- TO DO: A word-for-word copy of the entries, with the images left out, is what you should write.

Collection entries
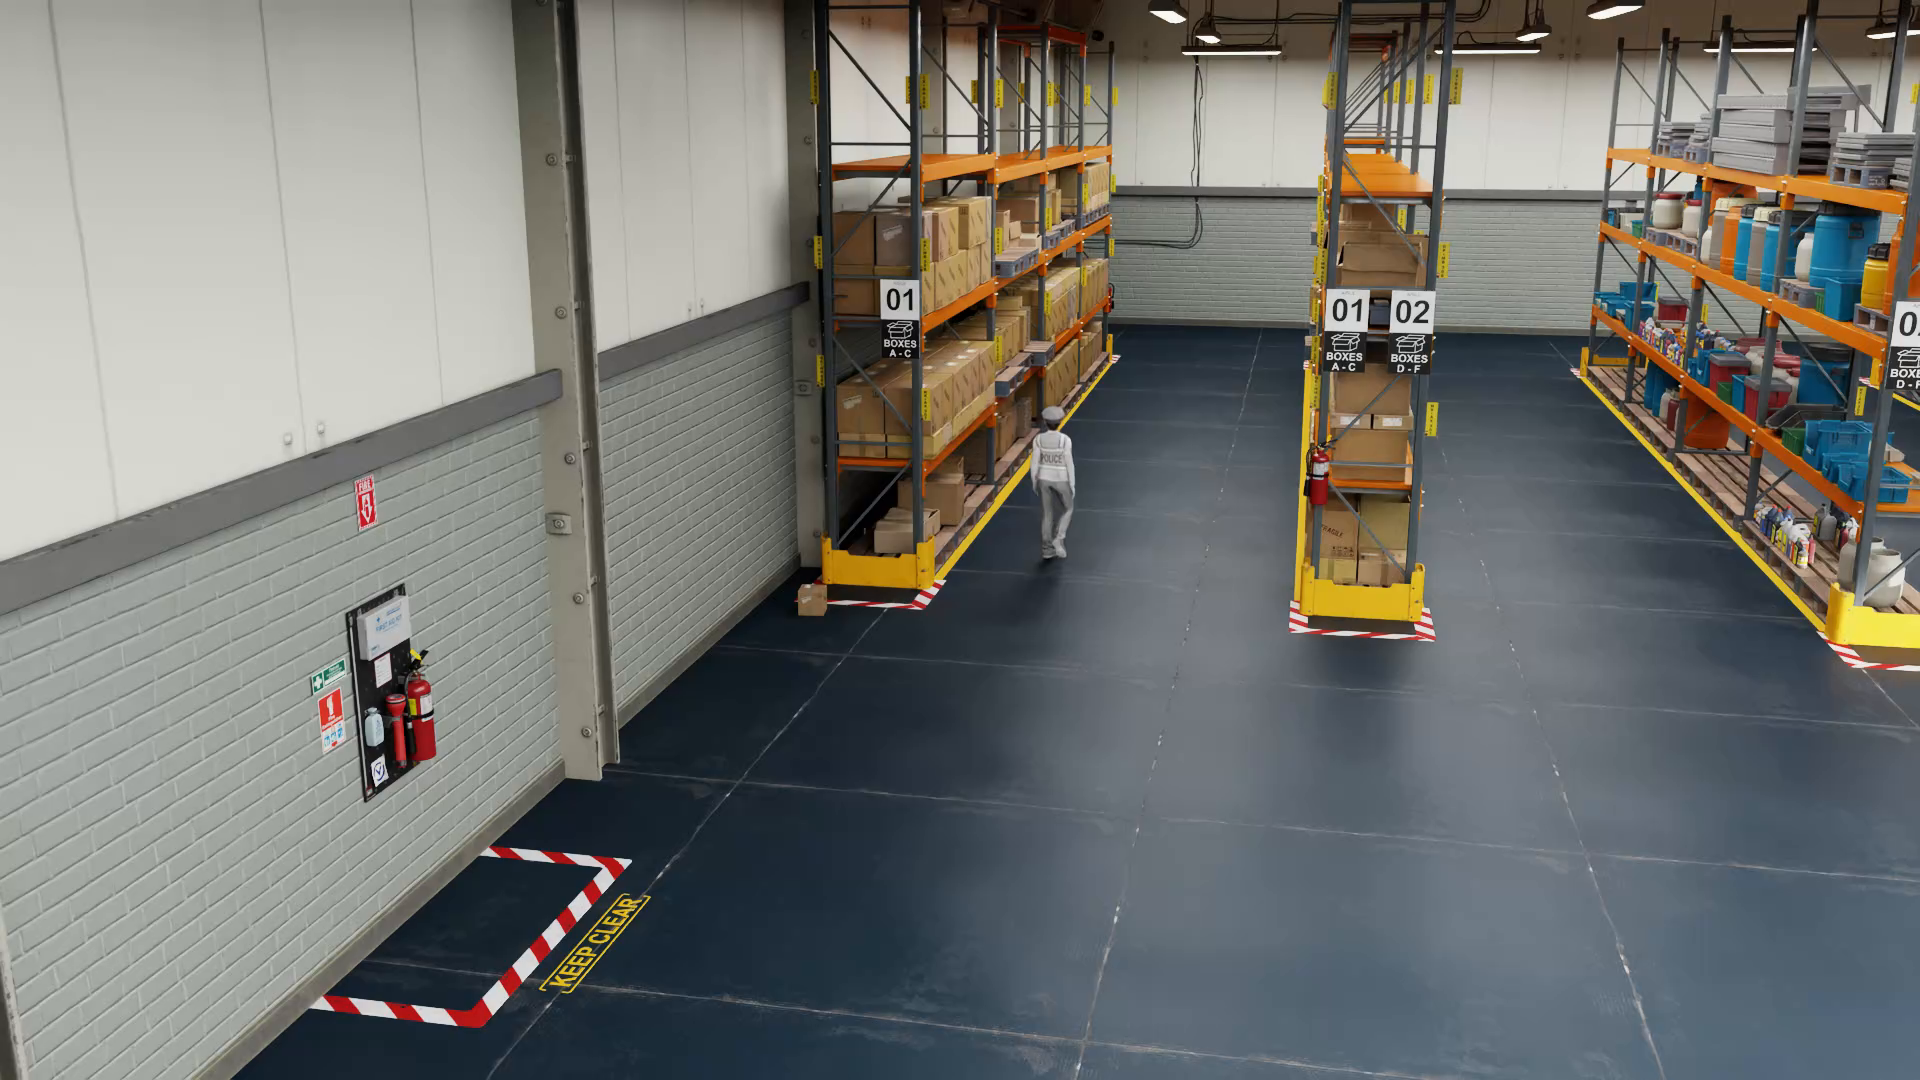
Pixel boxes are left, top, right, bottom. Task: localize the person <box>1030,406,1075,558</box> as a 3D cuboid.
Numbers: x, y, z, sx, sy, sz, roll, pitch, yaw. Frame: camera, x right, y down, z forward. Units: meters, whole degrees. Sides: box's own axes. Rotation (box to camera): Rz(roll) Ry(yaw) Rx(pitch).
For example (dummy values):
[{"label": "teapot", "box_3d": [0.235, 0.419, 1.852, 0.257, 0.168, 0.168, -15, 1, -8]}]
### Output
[{"label": "person", "box_3d": [1.028, -0.637, 18.269, 0.517, 1.695, 0.441, 4, 15, 14]}]

- ANSWER SPACE:
Pixel boxes are left, top, right, bottom. Task: localize the person <box>1030,406,1075,558</box> as a 3D cuboid.
Numbers: x, y, z, sx, sy, sz, roll, pitch, yaw. Frame: camera, x right, y down, z forward. Units: meters, whole degrees. Sides: box's own axes. Rotation (box to camera): Rz(roll) Ry(yaw) Rx(pitch).
For example (dummy values):
[{"label": "teapot", "box_3d": [0.235, 0.419, 1.852, 0.257, 0.168, 0.168, -15, 1, -8]}]
### Output
[{"label": "person", "box_3d": [1.028, -0.637, 18.269, 0.517, 1.695, 0.441, 4, 15, 14]}]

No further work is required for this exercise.